It was obvious that the base had been hit the hardest by the bombardment. What had, according to Arcet, been a base near the size of the Senate District on Imperial Center, was just a mess of overlapping craters caused by capital-grade weapons to the point that they'd had to land inside one of the craters, that was large enough to take a YT-1300 and that had only a gentle slope. Thankfully, Arcet had brought some more equipment, and what radiation there had been had long since dissipated, doing away with the need for hazmat suits or something of that description which was a relief.

Where the Argument was parked had once been part of a large-ish open space next to the actual entrance to the base.

Lel and the others looked at where the pieces of debriswere which were mostly blocking off a tunnel that went off into the mountain.

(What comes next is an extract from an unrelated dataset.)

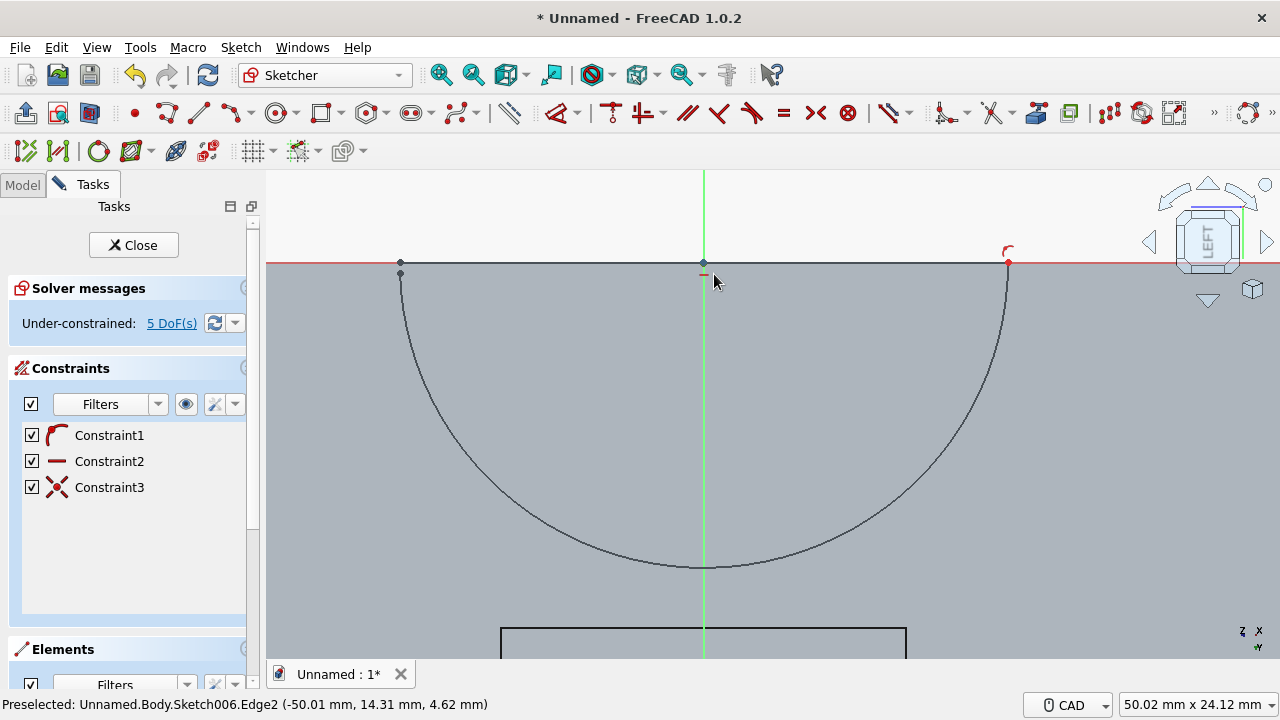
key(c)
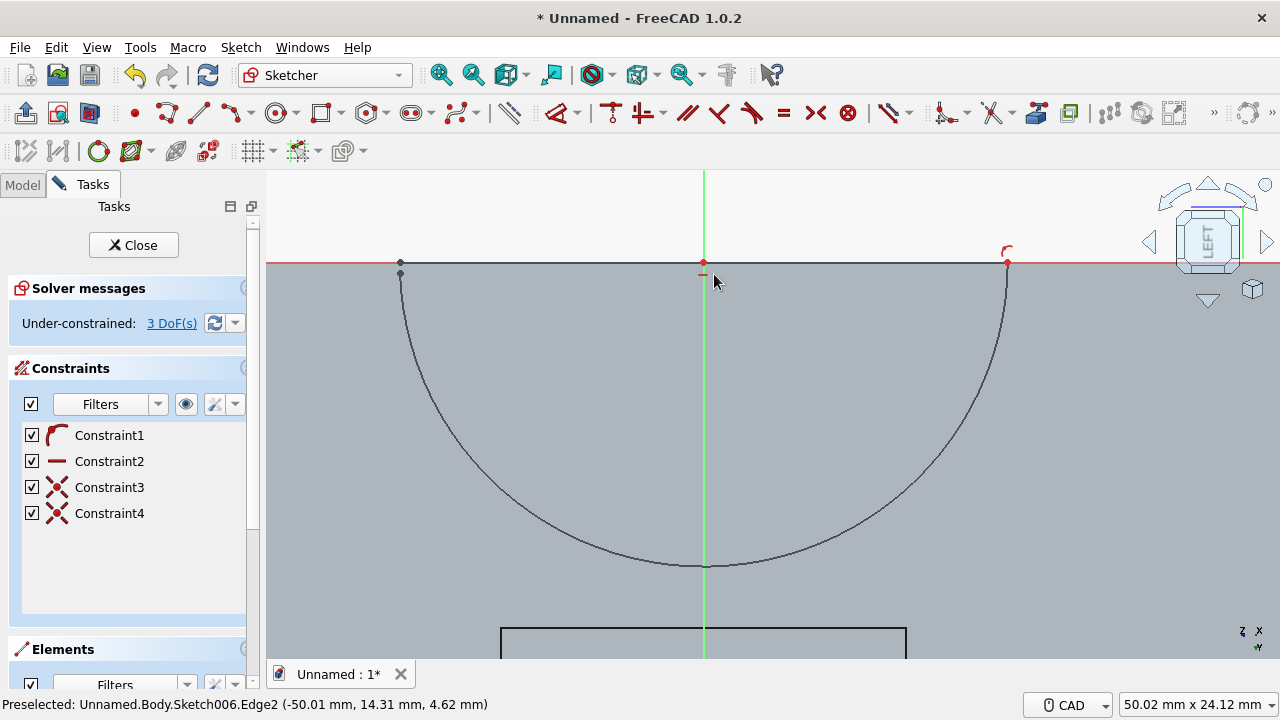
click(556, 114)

Arcet grinned. "When I got here, all that marked the entrance was that pile of rubble. Took me most of a day to free it up enough to get in. Turns out, the first hundred metres of the tunnel are partially collapsed, but we'll get through."

"I'm impressed." Lel replied, and he was. The entrance was large enough to take the largest walkers and armoured vehicles that the Republic had sported during the mid-clone wars, meaning just about anything short of an AT-AT, so that it was this intact after everything certainly was impressive.

"So was I when I first got here," Arcet replied, "and I bet so is he." Ceron, the person so described, laughed and nodded.

"Say what you want about the Republic, they knew how to build things," he said. Lel agreed, albeit probably for not quite the same reasons.

"Good thing then that the Empire wrote this place off," Ceron added, glancing at Lel while Arcet wasn't watching. Lel didn't know him very long, but it was clear that he was to be the lookout. "Right, once we are in there, be, for the love of the gods, be careful and mind the commlinks."

For emphasis, he raised his right arm where he wore a wrist mounted unit, not unlike Lel, though Ceron's had a few more buttons than was usual.

"Yes, dad," Lel replied with a smirk, and Arcet nodded.

The various chunks of rubble were, on average, the size of himself, and were partially covered by plant-life and the local equivalent of moss. It was fairly easy to see where Arcet had cleared some of it away and very poorly hidden those efforts with some foliage. The pieces formed a sort of ramp there, it was fairly steep, but easily traversable on foot. At least he'd been smart enough not to use explosives.

Even so, Lel still drew his blaster, just in case. He brought up the rear as the other men clambered inside. Arcet was taking the lead, using a small handheld scanner to check for radiation, and by the time Lel reached the top and began to climb down, they were already shining their torches at the various pieces of wall. Power was obviously down, and so all they had was what they could carry on them. The air inside still smelled of dusty, with the faint stink of decay but seemed clean here at the very least.

"We'll need to run a power cable or something from the ship to the power hookup in there, to see if any of the lights are still working," Arcet said and motioned at a small building that was nestled against the ferrocrete walls.

In a way, the combination of everything reminded Lel of the descriptions of the SLDF depot on Helm. But if they were the GDL here, then Lel didn't want to think about who or what the Free Worlds League attack force was likely to be, since he didn't fancy himself to be Grayson Carlyle come to life. Though he supposed that given his own situation, the man was likely out there in the multiverse somewhere. But unlike the Helm Cache, this base wasn't meant to be a doomsday vault. If Arcet was to be believed, this was going to be little more than a fancy warehouse, to the point that it had required an external power supply during normal operations.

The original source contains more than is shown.